We are collaborating with Weill Cornell Medical to develop a MagSense™ Prostate Cancer test.
Only about 20% of ovarian cancers are found at an early stage because ovarian cancer is largely asymptomatic. By the time an ovarian cancer is detected by ultrasound it is usually large in mass (100’s of millions of cells) and likely to have metastasized. Testing for CA 125 levels in blood has not proven to be as accurate or as effective at predicting ovarian cancer because other factors/conditions can contribute to elevated CA 125 in the blood. Clinical data suggest that detection of ovarian cancer at an earlier (more localized) stage leads to improved 5-year survival rates (90% for Stage II vs. 39% for Stage III patients).

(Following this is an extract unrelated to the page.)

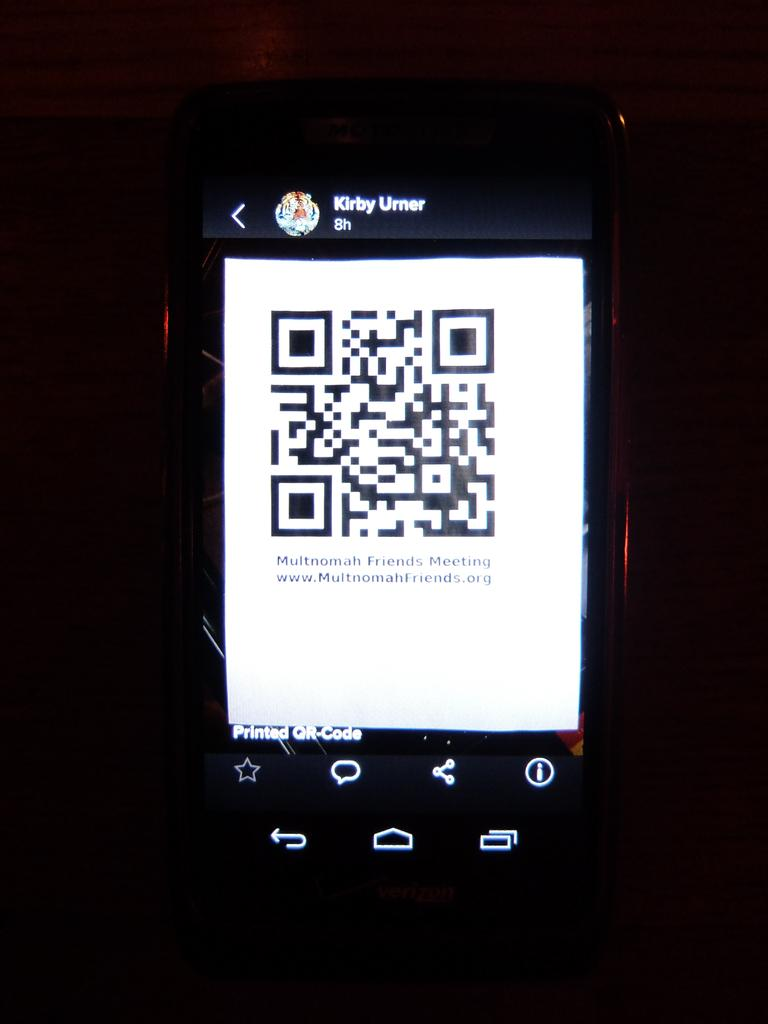Provide a one-sentence caption for the provided image. Kirby Umer shows a qr code on a cellphone.

We are currently working with the MD Anderson Cancer Center to research and develop a MagSense™ Ovarian Cancer test aimed to detect ovarian cancer years earlier than is achieved by today’s “watchful waiting” by ultrasound.
In addition to use as an aid in the detection and evaluation of cancers, MagSense™ technology may be able to play a significant role in monitoring the effectiveness of cancer therapies. Once the nanoparticles have been delivered to the tumor for initial detection, a subject could be measured repeatedly over the initial course of treatment with little expectation of additional risk because subsequent measurements would require only low magnetic field strength exposures and no additional injections. A reduction of measured magnetic signal would indicate a reduction in tumor size and effective therapy. Unchanged tumor signal strength would indicate ineffective therapy and prompt consideration of different therapeutic approaches. Organizations seeking to evaluate the therapeutic potential of specific targeted therapies using MagSense™ technology are encouraged to contact us.
MagSense™ technology, and superparamagnetic relaxometry (SPMR) in general, are not limited to the detection of one type of cancer or only cancers. MagSense™ nanoparticles could be made using antibodies or ligands to target other types of diseased cells, such as those affected by neurodegenerative or cardiovascular diseases.